#### Work order
Copy every line of the records exactly, without including the images.

Records from a collection:
__________

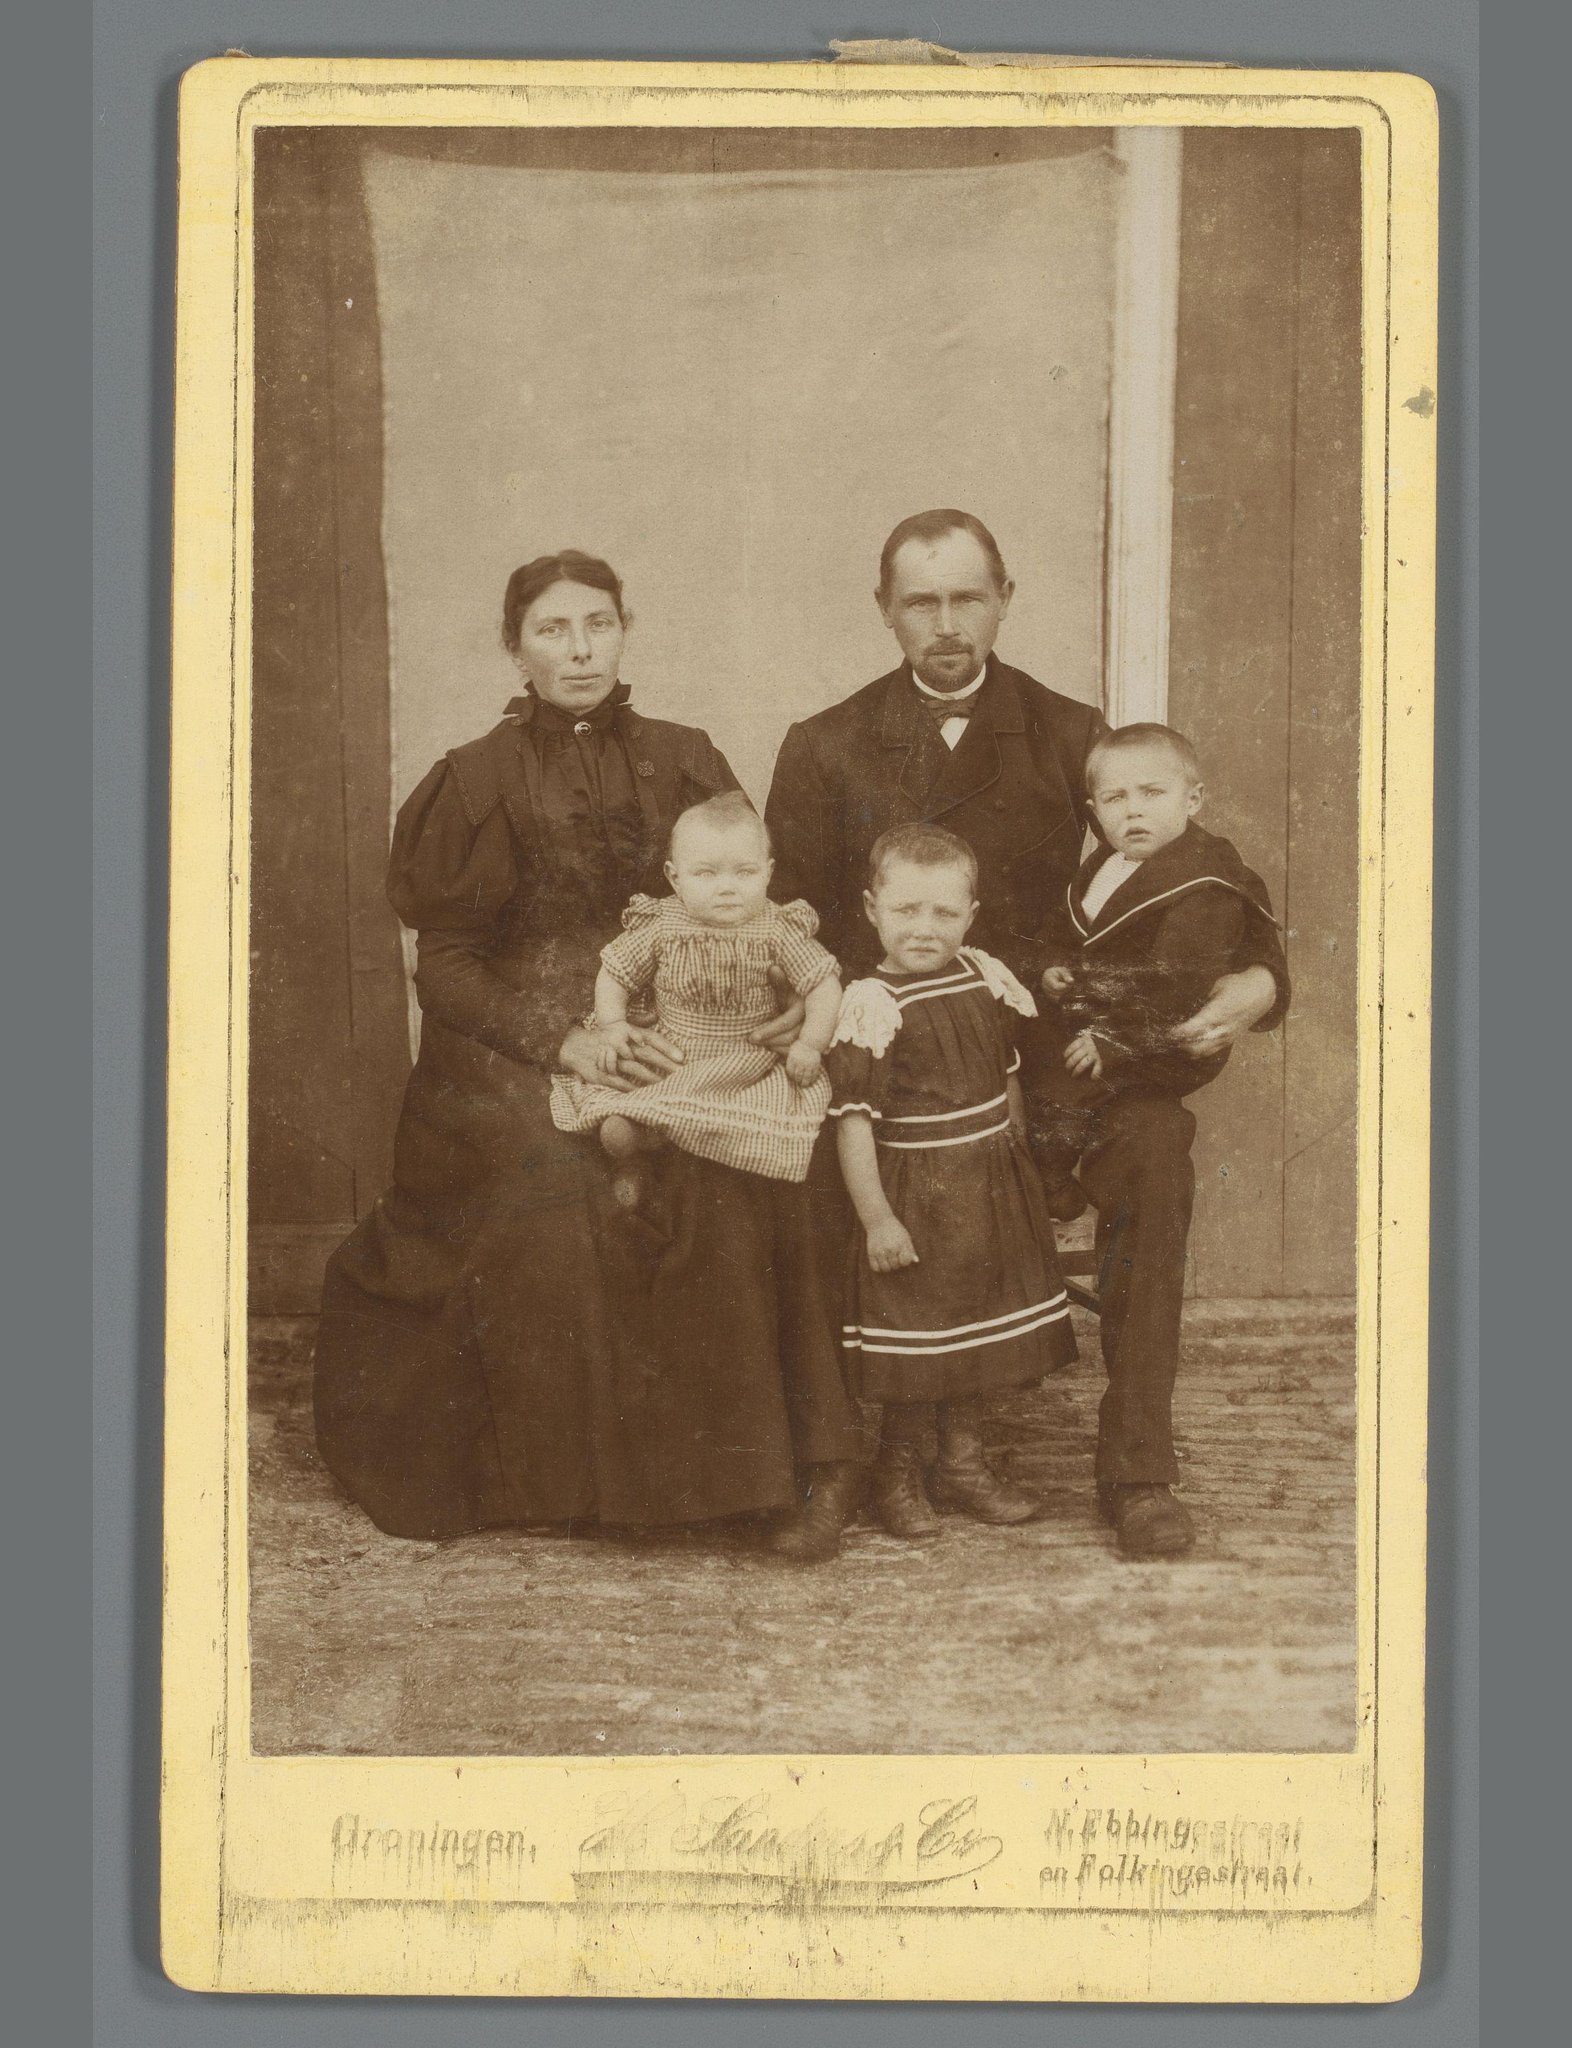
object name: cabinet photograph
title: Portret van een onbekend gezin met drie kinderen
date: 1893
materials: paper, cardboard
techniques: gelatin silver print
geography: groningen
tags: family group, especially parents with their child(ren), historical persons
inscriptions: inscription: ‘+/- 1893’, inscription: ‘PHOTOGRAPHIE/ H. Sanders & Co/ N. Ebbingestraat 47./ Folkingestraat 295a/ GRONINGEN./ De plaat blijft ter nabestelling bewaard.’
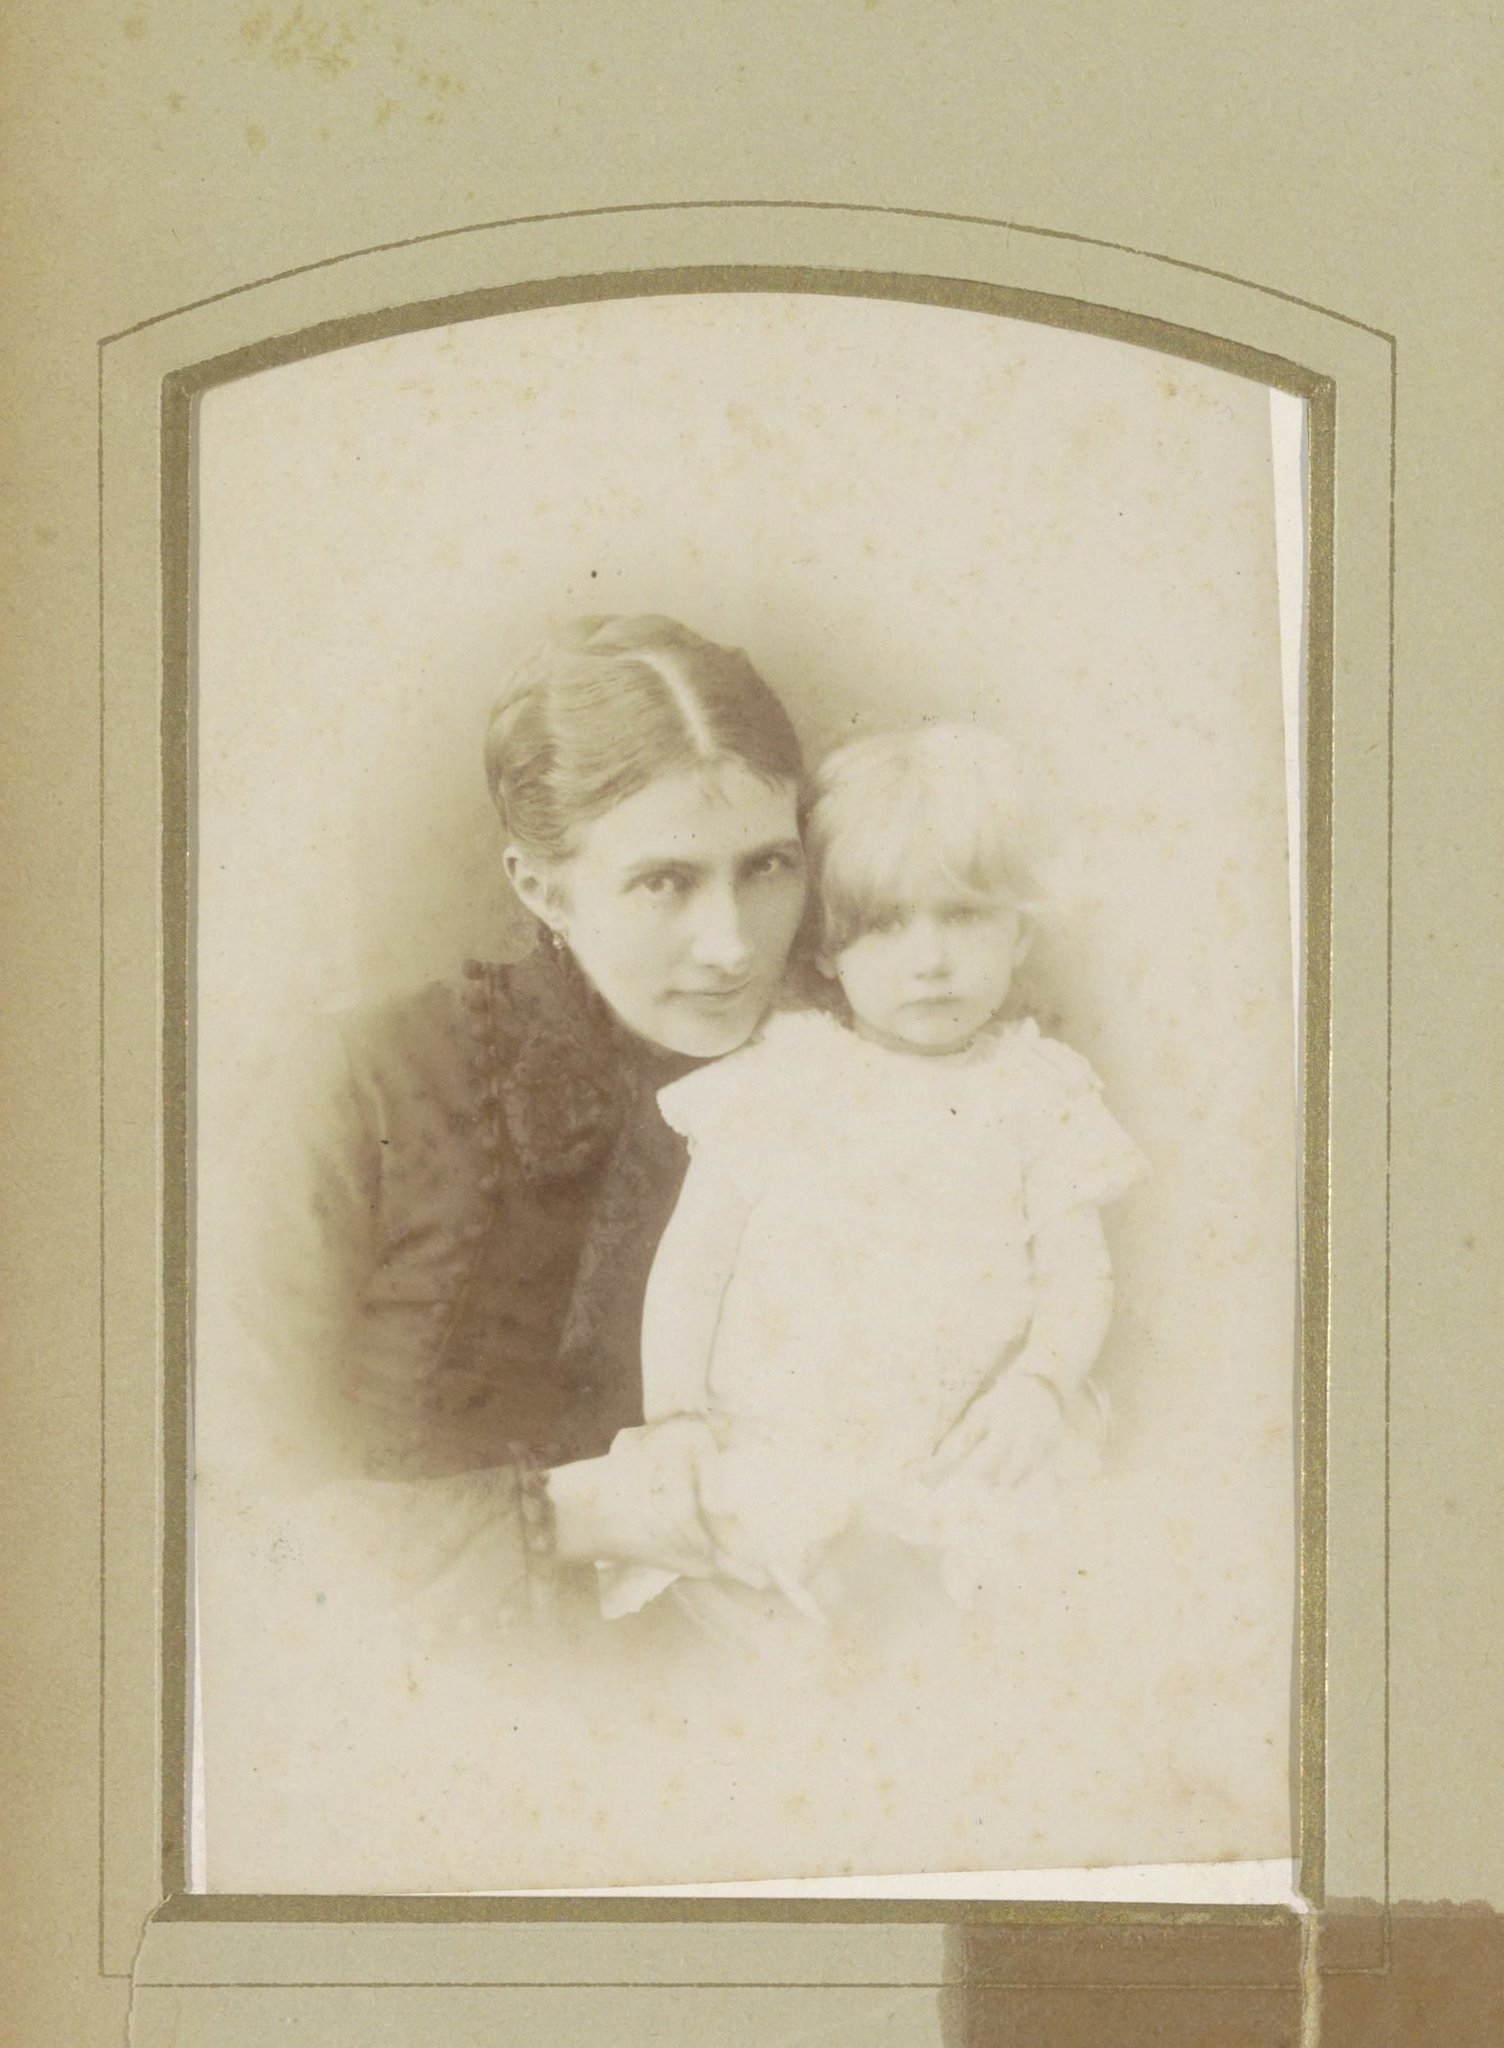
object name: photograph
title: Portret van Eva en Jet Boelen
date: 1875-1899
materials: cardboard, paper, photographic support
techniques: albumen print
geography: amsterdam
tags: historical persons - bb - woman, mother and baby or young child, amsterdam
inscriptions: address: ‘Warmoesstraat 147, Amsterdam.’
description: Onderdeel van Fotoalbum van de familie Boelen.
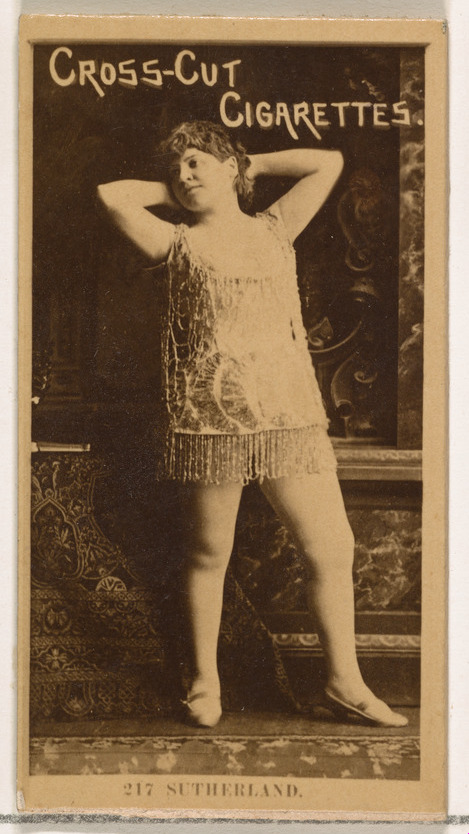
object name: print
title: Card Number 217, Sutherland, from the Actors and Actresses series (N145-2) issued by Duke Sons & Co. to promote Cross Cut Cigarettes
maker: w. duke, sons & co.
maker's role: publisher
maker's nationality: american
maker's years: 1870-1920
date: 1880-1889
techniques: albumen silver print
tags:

__________

#### Solution
object name: cabinet photograph
title: Portret van een onbekend gezin met drie kinderen
date: 1893
materials: paper, cardboard
techniques: gelatin silver print
geography: groningen
tags: family group, especially parents with their child(ren), historical persons
inscriptions: inscription: ‘+/- 1893’, inscription: ‘PHOTOGRAPHIE/ H. Sanders & Co/ N. Ebbingestraat 47./ Folkingestraat 295a/ GRONINGEN./ De plaat blijft ter nabestelling bewaard.’
object name: photograph
title: Portret van Eva en Jet Boelen
date: 1875-1899
materials: cardboard, paper, photographic support
techniques: albumen print
geography: amsterdam
tags: historical persons - bb - woman, mother and baby or young child, amsterdam
inscriptions: address: ‘Warmoesstraat 147, Amsterdam.’
description: Onderdeel van Fotoalbum van de familie Boelen.
object name: print
title: Card Number 217, Sutherland, from the Actors and Actresses series (N145-2) issued by Duke Sons & Co. to promote Cross Cut Cigarettes
maker: w. duke, sons & co.
maker's role: publisher
maker's nationality: american
maker's years: 1870-1920
date: 1880-1889
techniques: albumen silver print
tags:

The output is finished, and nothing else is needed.